Sanghani Center research takes new approach to analyze depression, anxiety from Reddit posts to provide better care, lower suicide rate
Suicide, the 10th leading cause of death for adults in the United States and the third leading cause of death among kids ages 10 to 14 and young adults ages 15 to 24, is often the result of an underlying mental health condition such as depression, anxiety, or bipolar disorder.
Motivated by a suicide mortality by state map released by the Centers for Disease Control and Prevention (CDC) on the increasing severity of mental health crisis — further exacerbated by the COVID-19 pandemic — three Ph.D. students and their advisor at the Sanghani Center for Artificial Intelligence and Data Analytics are analyzing social media in a way that can help social workers and other professionals better understand and tackle different aspects of mental health issues to help prevent suicide.

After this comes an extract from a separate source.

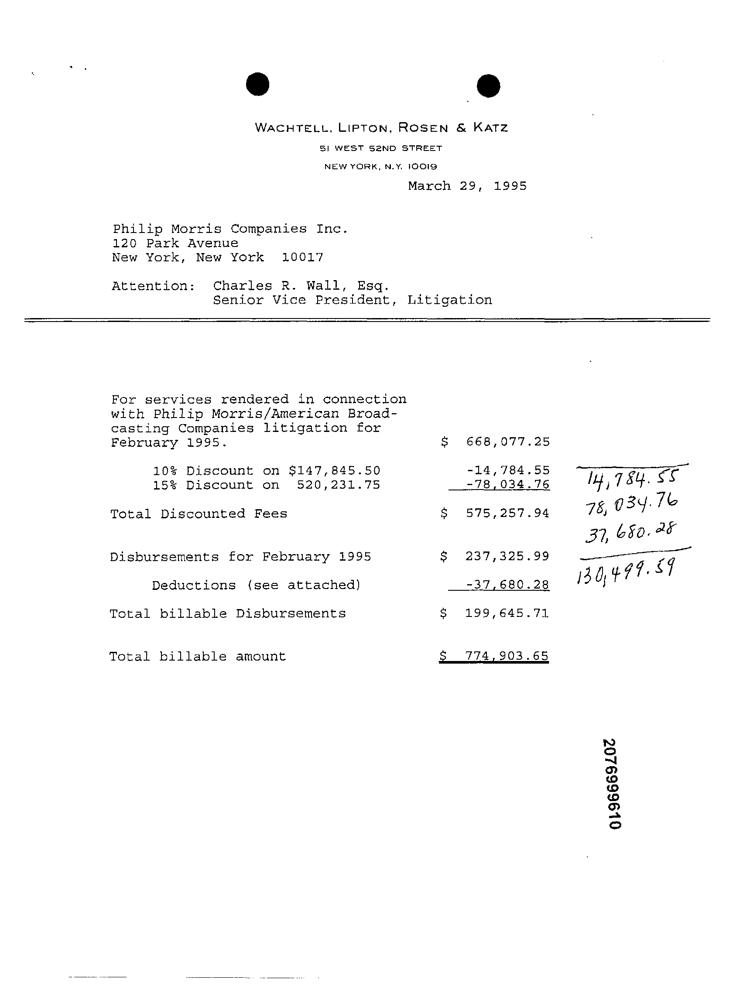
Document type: Invoice

“Since social media platforms like Reddit are accessible, convenient, and anonymous, more users candidly express feelings about their own mental health issues,” said Shailik Sarkar, first author on “Predicting Depression and Anxiety on Reddit: a Multi-task Learning Approach.” Sarkar and his team garnered the Best Paper Award at the IEEE/ACM International Conference on Advances in Social Networks Analysis and Mining in November.

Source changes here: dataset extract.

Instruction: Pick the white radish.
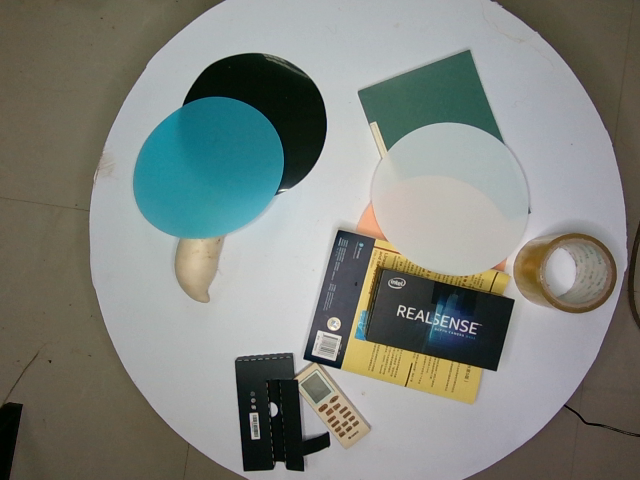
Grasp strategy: vertical

Sarkar’s collaborators are fellow students Abdulaziz Alhamadani and Lulwah AlKulaib, and Chang-Tien Lu, professor of computer science and associate director of the Sanghani Center.
Typically, research on the Reddit platform would employ the subreddit name, such as r/Anxiety, r/Depression, or r/SuicideWatch, to detect the type of the post and the nature of the mental health issues that correlate to the post.

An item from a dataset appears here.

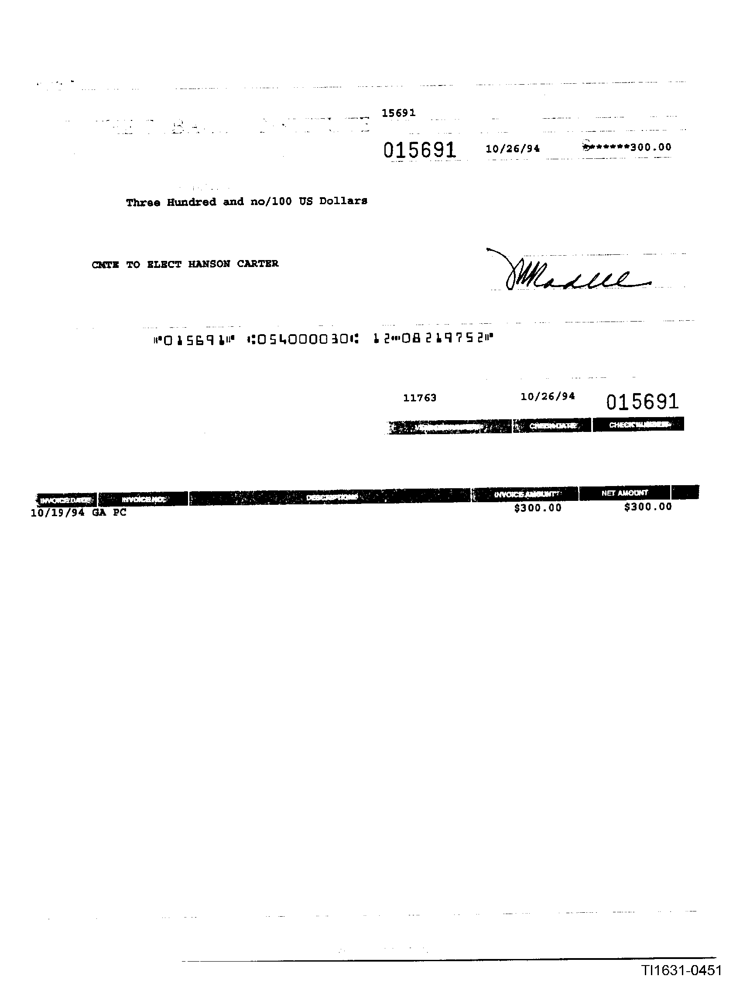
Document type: Invoice

But the multi-label classification data set designed by the Virginia Tech researchers does not overly rely on the subreddit topic chosen by the user because someone posting in the r/Anxiety subreddit could also be suffering from other mental health conditions such as depression, sleep disorder, or post-traumatic stress disorder.
Their unique model has a task-specific feature that extracts the words and phrases used in a post and assigns them a score corresponding to each topic that applies. For example, words and phrases such as “meds,” “panic attacks,” “often,” “taking,” and “worrying” could suggest anxiety, while “struggling,” “therapist,” “don’t want,” “need,” and “anymore” could indicate depression.
“Reddit posts can be longer than other social media posts, especially when pertaining to mental health discussion, so there is a very good chance that the same post will fall into different categories,” said Sarkar. “Insights into the kind of language used by those suffering from anxiety, depression, and other mental illnesses can be of great benefit to social workers and mental health practitioners. A better understanding of those under their care may help prevent incidents of suicide.”
“Our research with Reddit — which always adheres to privacy and anonymity of users — demonstrates how the lack of unlabeled data or benchmark data set can be tackled by using active learning and can help inform other data scientists who are interested in human-centered computing or social media data mining,” said Lu.